We’ve seen a significant rise in people selling non-Smiffys products. People using our brand and imagery as well as those copying our costume designs. We see these actions as a direct attack on our business as it amounts to the theft of our intellectual creations.

Sam continues:

Passing off is an issue, particularly on online trading platforms. People pose as Smiffys sellers but supply inferior unbranded or counterfeit products. We aren’t prepared to stand back and allow copycats to take advantage of the business. They damage our reputation by cheating consumers into buying substandard and unsafe products.

Fight for you rights

One of the main hazards with counterfeit goods is that they’re potentially dangerous. You don’t know who’s made them, how they’re made or what harmful components they may contain. And when branded with your name and logo, unsuspecting customers will assume your business is to blame if things go wrong.

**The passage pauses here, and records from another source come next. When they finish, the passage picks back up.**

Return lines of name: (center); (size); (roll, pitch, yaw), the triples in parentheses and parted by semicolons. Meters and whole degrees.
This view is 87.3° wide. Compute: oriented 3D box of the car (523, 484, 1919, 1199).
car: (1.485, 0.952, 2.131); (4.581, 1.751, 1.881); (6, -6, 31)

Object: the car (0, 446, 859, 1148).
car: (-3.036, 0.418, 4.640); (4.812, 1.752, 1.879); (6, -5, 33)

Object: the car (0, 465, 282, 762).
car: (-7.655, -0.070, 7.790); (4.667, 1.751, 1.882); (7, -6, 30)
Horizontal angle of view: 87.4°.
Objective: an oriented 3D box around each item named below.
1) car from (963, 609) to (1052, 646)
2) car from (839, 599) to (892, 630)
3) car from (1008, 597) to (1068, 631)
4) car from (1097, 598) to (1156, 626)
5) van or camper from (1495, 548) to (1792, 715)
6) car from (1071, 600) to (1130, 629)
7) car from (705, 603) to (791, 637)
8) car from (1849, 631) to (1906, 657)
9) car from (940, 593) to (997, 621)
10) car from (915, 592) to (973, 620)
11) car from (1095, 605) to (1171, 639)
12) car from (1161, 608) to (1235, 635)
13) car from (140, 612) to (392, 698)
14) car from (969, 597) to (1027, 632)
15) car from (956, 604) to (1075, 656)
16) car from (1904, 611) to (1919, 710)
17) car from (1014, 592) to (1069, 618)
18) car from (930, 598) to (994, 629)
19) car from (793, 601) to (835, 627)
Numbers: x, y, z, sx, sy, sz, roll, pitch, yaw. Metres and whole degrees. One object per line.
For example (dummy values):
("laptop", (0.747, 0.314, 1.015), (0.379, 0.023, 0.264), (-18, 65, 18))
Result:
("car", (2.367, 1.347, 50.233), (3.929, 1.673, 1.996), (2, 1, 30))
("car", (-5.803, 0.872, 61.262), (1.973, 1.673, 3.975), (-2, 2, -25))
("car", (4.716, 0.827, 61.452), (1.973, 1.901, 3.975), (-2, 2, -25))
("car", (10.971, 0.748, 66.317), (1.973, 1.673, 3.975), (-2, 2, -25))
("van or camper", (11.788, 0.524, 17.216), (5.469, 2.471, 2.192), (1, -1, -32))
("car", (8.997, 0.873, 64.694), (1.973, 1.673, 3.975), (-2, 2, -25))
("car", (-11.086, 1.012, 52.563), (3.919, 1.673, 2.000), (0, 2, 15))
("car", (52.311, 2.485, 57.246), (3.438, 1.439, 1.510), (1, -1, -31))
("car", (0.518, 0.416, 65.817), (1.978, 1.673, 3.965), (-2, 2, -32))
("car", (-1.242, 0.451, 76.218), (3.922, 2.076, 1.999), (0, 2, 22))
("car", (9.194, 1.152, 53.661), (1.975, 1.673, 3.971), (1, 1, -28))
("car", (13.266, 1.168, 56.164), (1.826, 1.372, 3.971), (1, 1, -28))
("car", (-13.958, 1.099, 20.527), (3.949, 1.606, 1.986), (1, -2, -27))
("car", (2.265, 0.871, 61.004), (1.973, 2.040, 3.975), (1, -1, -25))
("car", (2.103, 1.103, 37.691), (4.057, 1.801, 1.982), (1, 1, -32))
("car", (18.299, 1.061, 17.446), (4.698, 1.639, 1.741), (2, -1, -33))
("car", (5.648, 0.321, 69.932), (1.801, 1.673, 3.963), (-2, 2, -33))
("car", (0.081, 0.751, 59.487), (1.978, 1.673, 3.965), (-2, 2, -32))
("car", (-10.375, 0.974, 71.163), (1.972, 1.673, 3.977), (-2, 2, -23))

So what measures have Smiffys put in place to tackle this? Sam explains:

We identify infringements via a range of methods. We use specialist software to review websites and identify infringing content. We also buy samples from sellers that we aren’t familiar with and look at online listings closely. It’s sometimes clear to us that what’s being supplied isn’t a genuine Smiffys product but not to the customer.


Smiffys’ website makes it clear that the company doesn’t take infringement lightly. They warn that “selling counterfeit goods is illegal” and they’ll take legal action where necessary to protect the safety of their customers.

We had someone selling counterfeit products in late autumn last year. They were importing goods from China and selling inferior, copycat costumes using our branding. We took civil and criminal action against them. They admitted guilt and were convicted of design, trade mark and copyright infringement. They were sentenced to 80 hours of community service and we were awarded costs.

Taking a stand against counterfeiters

Its cases like this that bring the seriousness of the crime to life. Knowing the difficulties that just one infringer can cause, what advice would Sam give to others in this situation?

Devise a structured approach to identifying and pursuing infringers and be relentless with it. Ignoring the issue will simply lead to it becoming bigger. The infringers will not stop until they feel they’re under significant pressure to do so.

It’s obvious they have a big fight on their hands, but Sam and the Smiffys brand will continue to force out those who copy their designs or trade off their brand.

We’ll promote this issue in our industry and maintain it as an important discussion on the agenda of retail bodies. With a concerted, co-ordinated and combined approach to educating consumers and bringing counterfeiters to account, we’ll address this with greater effectiveness.